4.5 Partitioning of POC and DOC in Taihu Lake

In Taihu Lake, the partitioning of total organic carbon into DOC varied from 40% to 76% and tended to fluctuate by approximately 62%. Thus, the partitioning of total organic carbon into DOC was slightly higher than that of POC. This is unlike the Ross Sea with occurrence of Phaeocystis blooms or deck incubations of coastal diatom blooms in Oregon, in which 89% and 78% of the accumulated organic matter were partitioned into POM, respectively (Carlson et al., 2000; Wetz and Wheeler, 2003). However, it was similar to those in Lake Soyang in Korea, a deep reservoir with cyanobacterial blooms, in which monthly DOC loading comprises more than 56% of the TOC loading (Kim et al., 2000). In addition, along with the increase of Chl a concentration from a low level in winter to a maximum level in July, ∆POC was comparable to ∆DOC, indicating that the cyanobacterial bloom contributed nearly equally to POC and DOC. These results further revealed the influence of phytoplankton community structure on the differential partitioning of organic carbon within various water systems (Carlson et al., 2000).

5 CONCLUSION

Our findings that POC, PN, PP, and DOC were significantly and positively correlated with Chl a indicated the substantial contribution of cyanobacterial blooms to POM and DOC in Taihu Lake. Moreover, the partitioning of total organic carbon into DOC was slightly higher than POC. Compared to winter and spring, elevated C:P and N:P ratios in POM and C:P and C:N ratios in DOM were observed during the dense cyanobacterial blooms in July. These ratios were representative of the algal production of C-rich POM and DOM. However, their subsequent decreases indicated that these C-rich POM and DOM can be easily assimilated. Furthermore, redundancy analysis revealed that Chl a explained most of the variations of C:N:P ratios in POM, whereas temperature, NO^- 3, and pH were significant explanatory factors for the variations of C:N:P ratios in DOM. The present study provides basic information on the food web, and may be helpful for understanding ecosystem structure in these eutrophic lakes. Future studies are needed of the mechanisms as to how the cyanobacterial bloom derived organic matter is cycled in the food web.

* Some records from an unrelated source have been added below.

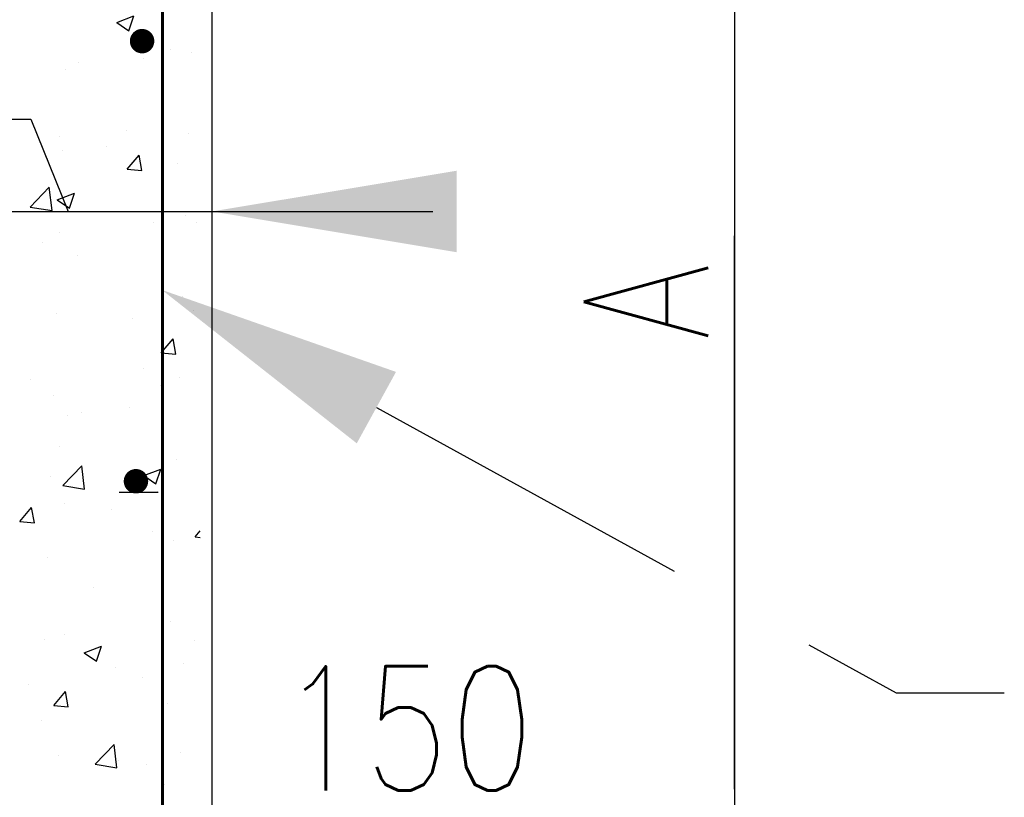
# Model space of a CAD drawing. Extents: x 0 to 7.6, y 0 to 9.85.
# Tile 23 of 38: x 2.23 to 3.02, y 5.11 to 5.74. Entities that reach past the tile are written whole.
import ezdxf

# ---------------------------------------------------------------- set-up
doc = ezdxf.new("R2010")
doc.units = 0
doc.header["$MEASUREMENT"] = 0
doc.layers.get('0').update_dxf_attribs({"color": 2, "linetype": 'CONTINUOUS'})
doc.layers.add('E-DETL', color=2, linetype='CONTINUOUS')
doc.layers.add('E-DETL-TEXT', color=3, linetype='CONTINUOUS')
doc.styles.add('ROMANS', font='ROMANS.SHX', dxfattribs={"width": 0.8})

# ---------------------------------------------------------------- blocks, each defined once
blk = doc.blocks.new('*X20')
at = {"color": 0}
for p, q in [((18.539, 130.866), (18.889, 131)), ((18.539, 130.866), (18.787, 130.698)), ((18.788, 130.698), (18.889, 131)), ((19.646, 130.308), (19.646, 130.308)), ((20.061, 130.258), (20.061, 130.258)), ((17.752, 130.058), (17.752, 130.058)), ((19.091, 130.133), (19.091, 130.133)), ((17.494, 129.906), (17.494, 129.906)), ((18.736, 128.654), (18.736, 128.654)), ((17.374, 128.534), (17.374, 128.534)), ((20, 128.594), (20, 128.594)), ((17.433, 128.242), (17.433, 128.242)), ((18.331, 128.336), (18.331, 128.336)), ((17.121, 128.095), (17.121, 128.095)), ((18.754, 127.868), (18.995, 128.156)), ((19.053, 127.842), (18.995, 128.156)), ((18.754, 127.868), (19.053, 127.842)), ((19.79, 127.982), (19.79, 127.982)), ((16.771, 127.093), (17.16, 127.499)), ((17.215, 127.024), (17.16, 127.499)), ((17.322, 127.24), (17.672, 127.374)), ((17.322, 127.24), (17.571, 127.072)), ((17.571, 127.072), (17.672, 127.374)), ((16.771, 127.093), (17.215, 127.024)), ((19.939, 126.929), (19.939, 126.929)), ((19.283, 126.785), (19.283, 126.785)), ((20.173, 126.779), (20.173, 126.779)), ((17.372, 126.577), (17.372, 126.577)), ((17.015, 126.364), (17.015, 126.364)), ((17.741, 126.112), (17.741, 126.112)), ((19.878, 125.265), (19.878, 125.265)), ((17.311, 124.913), (17.311, 124.913)), ((20.109, 124.972), (20.109, 124.972)), ((18.858, 124.807), (18.858, 124.807)), ((19.448, 124.108), (19.689, 124.395)), ((19.747, 124.081), (19.689, 124.395)), ((19.448, 124.108), (19.747, 124.081)), ((19.077, 123.801), (19.077, 123.801)), ((16.767, 123.557), (16.767, 123.557)), ((19.436, 123.444), (19.436, 123.444)), ((19.818, 123.6), (19.818, 123.6)), ((17.25, 123.248), (17.25, 123.248)), ((18.794, 123), (18.794, 123)), ((17.542, 122.835), (17.542, 122.835)), ((17.821, 122.885), (17.821, 122.885)), ((17.359, 122.203), (17.359, 122.203)), ((17.434, 121.395), (17.823, 121.8)), ((17.878, 121.326), (17.823, 121.8)), ((19.757, 121.936), (19.757, 121.936)), ((19.09, 121.601), (19.44, 121.735)), ((19.09, 121.601), (19.339, 121.433)), ((19.339, 121.433), (19.44, 121.735)), ((17.19, 121.584), (17.19, 121.584)), ((17.434, 121.395), (17.878, 121.326)), ((19.372, 121.277), (19.372, 121.277)), ((17.479, 121.028), (17.479, 121.028)), ((16.555, 120.66), (16.796, 120.948)), ((16.854, 120.634), (16.796, 120.948)), ((18.441, 120.903), (18.441, 120.903)), ((16.555, 120.66), (16.854, 120.634)), ((19.268, 120.453), (19.268, 120.453)), ((20.142, 120.347), (20.247, 120.473)), ((19.696, 120.271), (19.696, 120.271)), ((20.142, 120.347), (20.247, 120.337)), ((17.129, 119.919), (17.129, 119.919)), ((18.057, 119.305), (18.057, 119.305)), ((19.635, 118.607), (19.635, 118.607)), ((17.068, 118.255), (17.068, 118.255)), ((17.468, 118.348), (17.468, 118.348)), ((20.137, 118.235), (20.137, 118.235)), ((17.874, 117.975), (18.224, 118.11)), ((17.874, 117.975), (18.122, 117.808)), ((18.122, 117.808), (18.224, 118.11)), ((18.522, 117.676), (18.522, 117.676)), ((19.899, 117.749), (19.899, 117.749)), ((19.062, 117.47), (19.062, 117.47)), ((16.742, 117.333), (16.742, 117.333)), ((17.249, 116.899), (17.49, 117.187)), ((17.548, 116.873), (17.49, 117.187)), ((17.249, 116.899), (17.548, 116.873)), ((19.574, 116.942), (19.574, 116.942)), ((17.007, 116.59), (17.007, 116.59)), ((18.096, 115.696), (18.486, 116.102)), ((18.541, 115.627), (18.486, 116.102)), ((17.344, 115.872), (17.344, 115.872)), ((18.584, 115.777), (18.584, 115.777)), ((19.836, 115.941), (19.836, 115.941)), ((18.096, 115.696), (18.541, 115.627)), ((19.142, 115.693), (19.142, 115.693)), ((19.514, 115.278), (19.514, 115.278))]:
    blk.add_line(p, q, dxfattribs=at)

msp = doc.modelspace()

# ---------------------------------------------------------------- linework, layer by layer
at = {"layer": 'E-DETL'}
for p, q in [((2.38387, 4.90411), (2.38387, 6.1541)), ((2.34036, 5.35723), (2.30911, 5.35723))]:
    msp.add_line(p, q, dxfattribs=at)
at = {"layer": 'E-DETL', "const_width": 0.00246}
msp.add_lwpolyline([(2.34387, 4.74449), (2.34387, 6.08272)], dxfattribs=at)
at = {"layer": 'E-DETL', "const_width": 0.00984}
for points in [[(2.3226, 5.72066, 1), (2.33244, 5.72066, 1)], [(2.31768, 5.36633, 1), (2.32752, 5.36633, 1)]]:
    msp.add_lwpolyline(points, format="xyb", close=True, dxfattribs=at)
at = {"layer": 'E-DETL-TEXT'}
for p, q in [((2.80436, 6.1541), (2.80436, 4.90411)), ((2.80436, 5.92284), (2.80436, 5.35564)), ((2.01132, 5.65786), (2.23799, 5.65786)), ((2.23799, 5.65786), (2.26804, 5.58354)), ((2.14387, 5.58354), (2.38387, 5.58354)), ((2.38387, 5.58354), (2.56162, 5.58354)), ((2.80436, 5.11834), (2.80436, 5.56379)), ((2.51612, 5.4256), (2.75584, 5.294)), ((2.86426, 5.23448), (2.93437, 5.19599)), ((2.93437, 5.19599), (3.02154, 5.19599))]:
    msp.add_line(p, q, dxfattribs=at)
for points in [[(2.58072, 5.55073), (2.58072, 5.61635), (2.38387, 5.58354)], [(2.50033, 5.39684), (2.53191, 5.45436), (2.34356, 5.52033)]]:
    msp.add_solid(points, dxfattribs=at)

# ---------------------------------------------------------------- block references
at = {"layer": 'E-DETL', "xscale": 0.03937, "yscale": 0.03937, "zscale": 0.03937}
msp.add_blockref('*X20', (1.57726, 0.58345), dxfattribs=at)

# ---------------------------------------------------------------- texts
at = {"layer": 'E-DETL-TEXT', "style": 'ROMANS', "width": 0.8}
msp.add_text('A', height=0.1, rotation=90.00006, dxfattribs=at).set_placement((2.78313, 5.47997))
msp.add_text('150', height=0.1, dxfattribs=at).set_placement((2.43763, 5.11737))

doc.saveas('drawing.dxf')

6 DATA AVAILABILITY STATEMENT

The data that support the findings of this study are available from the corresponding author upon reasonable request.

7 ACKNOWLEDGEMENT

We thank the anonymous reviewers for their valuable comments in the previous version of this manuscript. We thank Taihu Laboratory for Lake Ecosystem Research (TLLER) for providing the monitoring data of phytoplankton. We appreciate CHEN Chao for his help for sample collection in the field.